At this point I wasn’t even sure it was the age thing that was the actual problem. I don’t think that had been an issue for her in a while. It was that I hadn’t lived long enough to figure my life out yet.

She had almost a decade head start, and even then I’d never achieve the things she had professionally or financially. But if I were older, maybe it would have closed the gap a little.

If I could snap my fingers and fast-forward a decade or two, I would. I’d lose all that time if it would make the difference.

Maybe I’d be a successful carpenter in twenty years. I might own the property and have a business selling my woodworking. Have an innkeeper working for me to take care of the guests. Or maybe I’d be living in the house and not in the dusty garage she had to sleep in to be with me.

But as it stood? I couldn’t even afford to take her on a trip or buy her something nice. I’d met her friends. I couldn’t imagine hanging out with them, let alone their husbands. I had nothing in common with those people.

But the funny thing was, even though I didn’t fit into her life, she fit into mine.

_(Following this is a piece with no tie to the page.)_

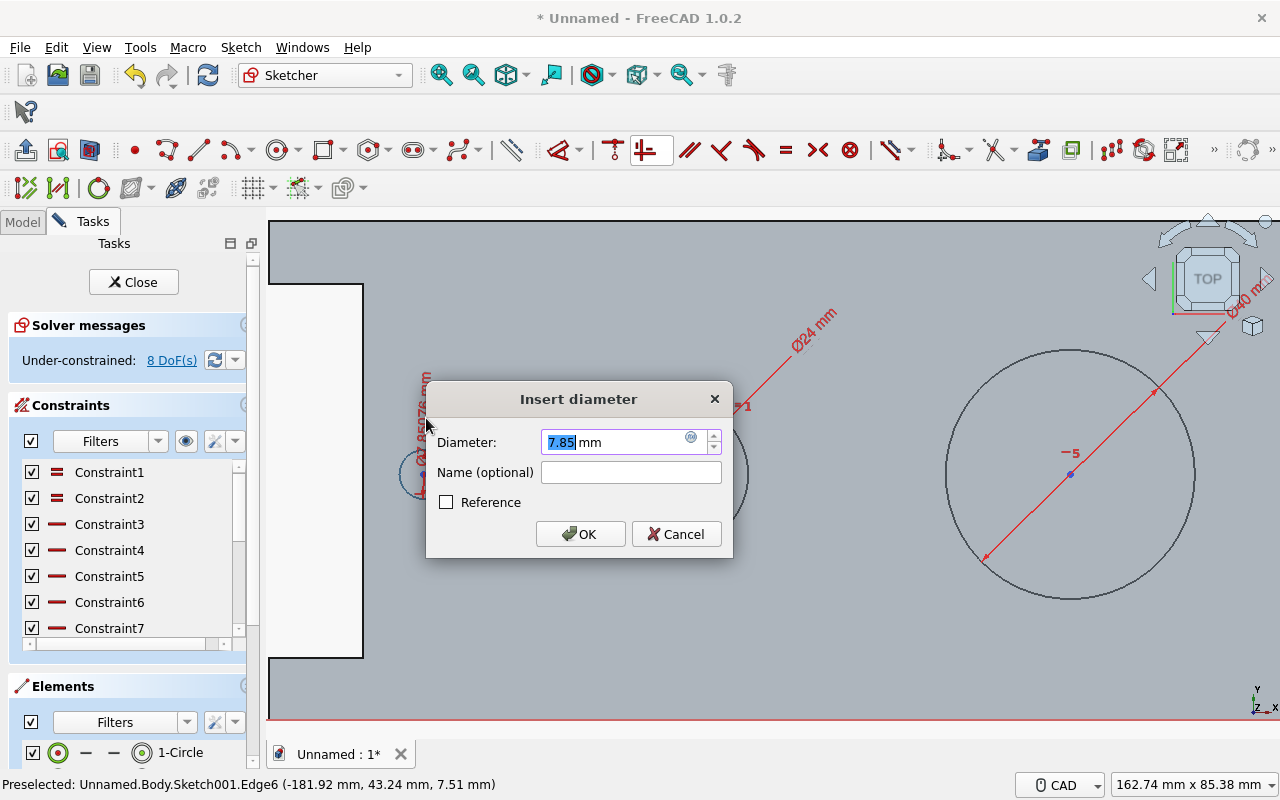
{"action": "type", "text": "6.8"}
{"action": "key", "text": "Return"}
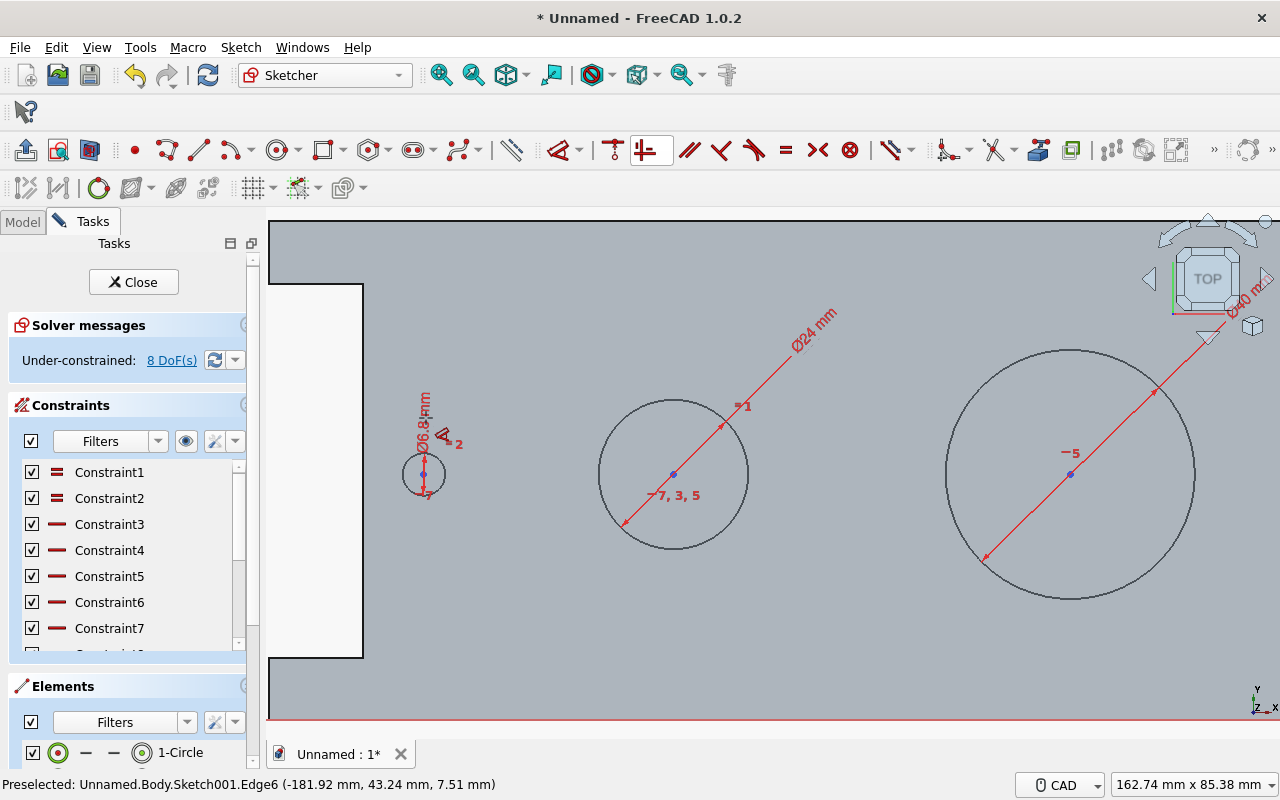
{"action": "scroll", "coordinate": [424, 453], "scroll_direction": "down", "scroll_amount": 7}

When she was in Wakan, she was my girlfriend. She didn’t want the title, but it didn’t matter. It was what it was.

But when she was back in her own world, I wasn’t her boyfriend. I don’t think I even existed for her outside of this place. And I didn’t know how to change that—and neither did she.

I felt desperate all of a sudden. Like a clock had begun ticking. An expiration date had been set on this thing between us, and she was right—it wasn’t a sex thing. Not even close. I’m not sure it ever really had been.

A small part of me hoped I could change her mind. If I was good enough to her, if I made her happy enough, maybe she’d reconsider. Maybe even if she got that job, we could figure it out. We could make it work.

But the realistic side of me knew none of those things were going to happen. There wasn’t going to be a save.

All I could do was give her what I could. And that wasn’t enough. She had a whole different life in a whole different world, and she’d only ever been here to visit. It was the reality of this situation. I’d always been on borrowed time with her. And I think I’d always known it.

I had to be in this with my eyes wide open. I had to sign up to be hurt when the time came for this to end. Because it would end. She’d made that clear.

“I’m in,” I said. “When it’s over, it’s over.”

But I knew even then, it wouldn’t be. I suspected it would never really be over.

At least not for me.

Chapter 29

Alexis

I spent four months with Daniel. Four amazing, incredible months.

It was August now, twelve weeks since we’d had our talk. The tourists were back, and I’d watched them breathe life into Daniel’s town.

The ice-cream and fudge shops were open, the pizza place and Mexican restaurant were back and had an hour wait every night, and the RV park was packed. The Grant House was booked seven days a week, and I helped Daniel with it while I was there. He usually wouldn’t let me get up to put the coffee on. He wanted me to sleep. But I spent the rest of the day doing what he did. Making beds, checking in guests, helping prepare breakfast.

I hated to admit it, but now that I helped Daniel, I understood what Neil had meant about me not knowing how to run a house. It was a lot. Repairs, maintenance, landscaping, cleaning. Even if these things were being delegated, they were a ton of work.

I’d been so shielded and privileged growing up. We’d had a property manager who dealt with it all, and then Neil had done it when we moved in together. Even in my ER, my nurses did all the dirty work for me. But I was learning. And it was changing how I saw the world around me and how I wanted to be seen.

I didn’t like that others had to take care of me. I wanted to know how to take care of myself. I wanted to pull my weight and learn to be self-reliant so that when I did depend on someone, it was by choice and not necessity. And it was Daniel who was teaching me how.